The paper evaluates ShiQ on synthetic bandit and gridworld tasks, demonstrating its theoretical properties, ability to handle fine-grained rewards, and faster convergence compared to baselines like DPO and CoPG. On LLM benchmarks (Anthropic-Harmless/Helpful, UltraFeedback, BFCL-V3) using a 7B parameter model, ShiQ shows competitive performance in single-turn settings (matching or exceeding CoPG and DRO in reward optimization while maintaining comparable KL divergence) and superior performance in multi-turn scenarios (BFCL-V3), attributed to its ability to leverage fine-grained, per-turn information.
Practical Implementation Details:
- Single Network: ShiQ trains only the logits of the LLM (the ℓ function), avoiding the need for multiple large networks (actor, critic, target networks) common in other RL approaches, which saves significant memory and computational resources.
- Off-Policy: Training can be done entirely offline on a fixed dataset of prompts and responses. This is crucial for reducing the high cost of online sampling with large LLMs.
- Token-wise Loss: The loss function is computed and summed over each token position in the sequence. This provides denser gradient signals, potentially speeding up learning, especially with fine-grained or multi-turn rewards.
- Reward Flexibility: Can handle sequence-level rewards, turn-level rewards, or token-level rewards.
- Simple Inference: Once trained, the policy is simply the softmax over the learned logits, allowing standard decoding methods without any modifications or dependence on the reference model during inference.
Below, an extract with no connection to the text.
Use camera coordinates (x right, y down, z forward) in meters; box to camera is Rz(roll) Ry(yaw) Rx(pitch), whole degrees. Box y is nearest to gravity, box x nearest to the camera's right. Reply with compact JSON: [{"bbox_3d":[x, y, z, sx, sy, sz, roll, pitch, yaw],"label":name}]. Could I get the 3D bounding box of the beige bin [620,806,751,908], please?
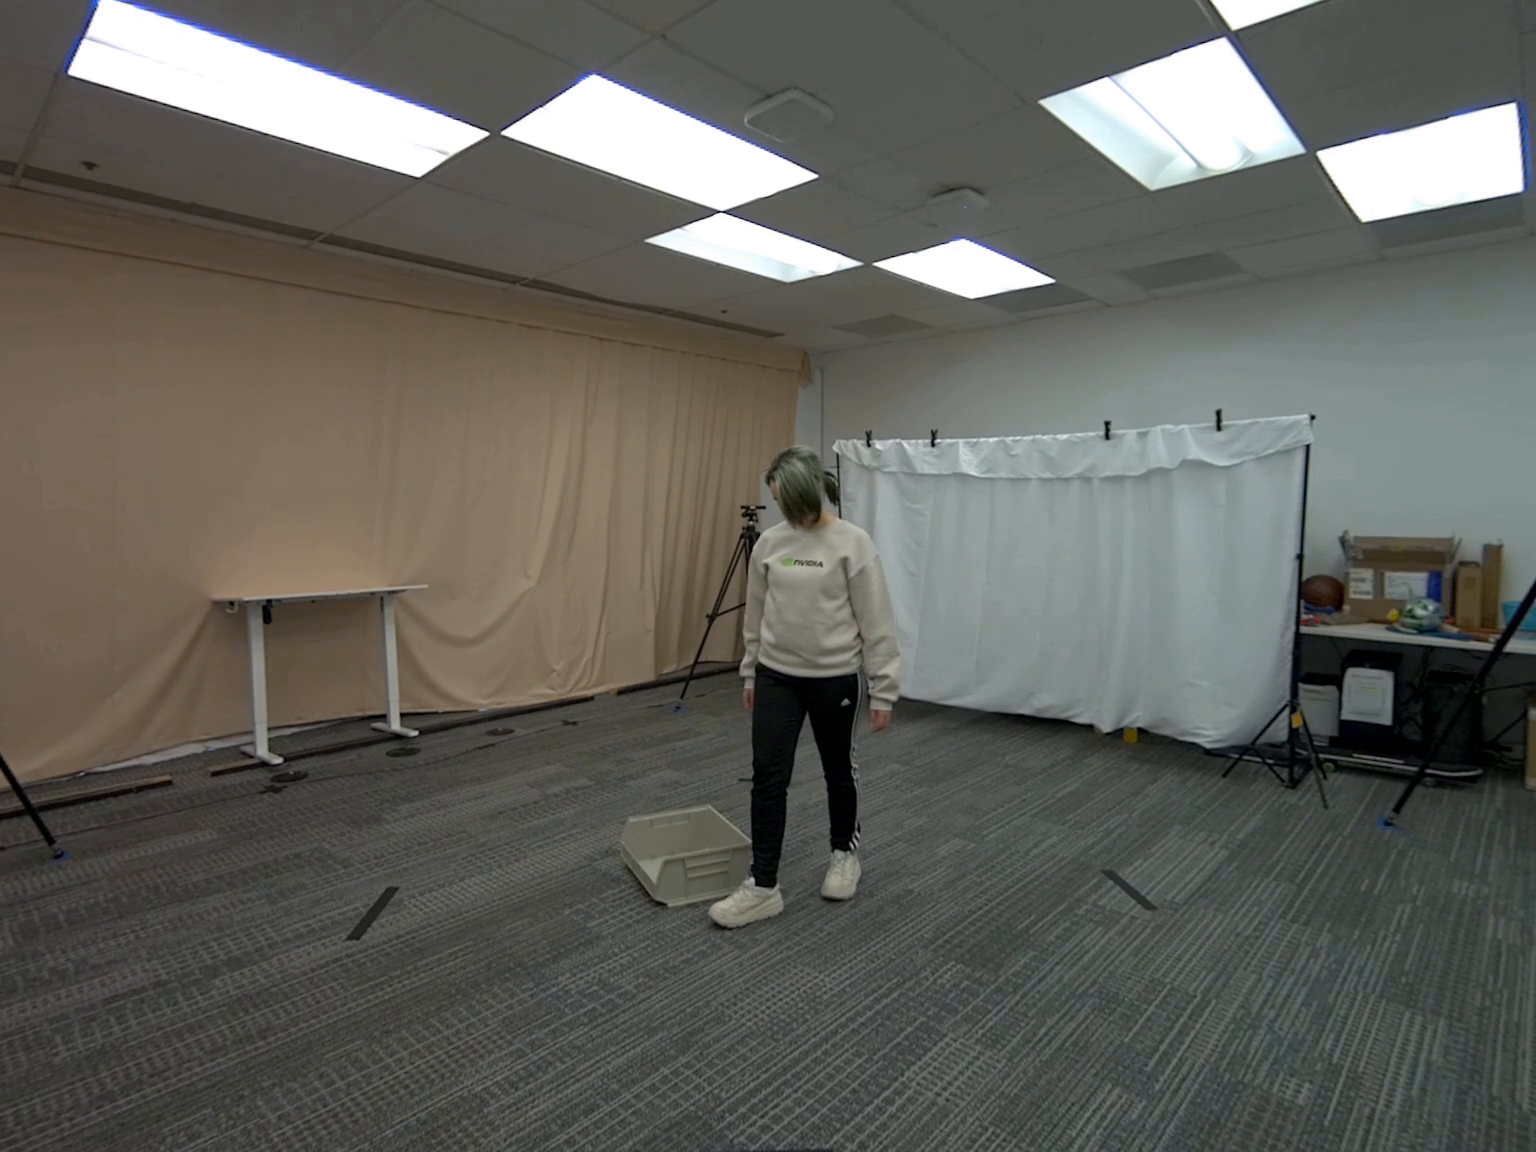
[{"bbox_3d":[-0.320,1.045,3.162,0.368,0.188,0.433,-2,4,-25],"label":"beige bin"}]

Implementation Considerations:
- Computational Cost: While off-policy, computing the loss still involves forward and backward passes through the LLM for potentially long sequences and requires summing over tokens, which can be computationally intensive.
- Data Requirements: Assumes access to trajectories with associated rewards. The theory guarantees optimality under full support of the data distribution matching the reference policy's support, but empirical performance relies on the quality and coverage of the offline dataset.
- Reward Model: Like many alignment methods, ShiQ relies on a reward model to provide feedback. The performance is inherently limited by the quality of the reward model.
- Hyperparameters: The temperature parameter β and the discount factor γ (though often set to 1 in finite-horizon LLM tasks) are important hyperparameters requiring tuning.
- Normalization: Normalizing the loss by the number of tokens (similar to supervised fine-tuning) is a practical implementation detail.
ShiQ offers a theoretically grounded, practical alternative for RL fine-tuning of LLMs, particularly promising for settings with offline data, fine-grained rewards, or multi-turn interactions. Future work includes evaluating it on a wider range of tasks and datasets, potentially incorporating online data collection, and developing mechanisms to mitigate the risks associated with optimizing a potentially flawed learned reward function.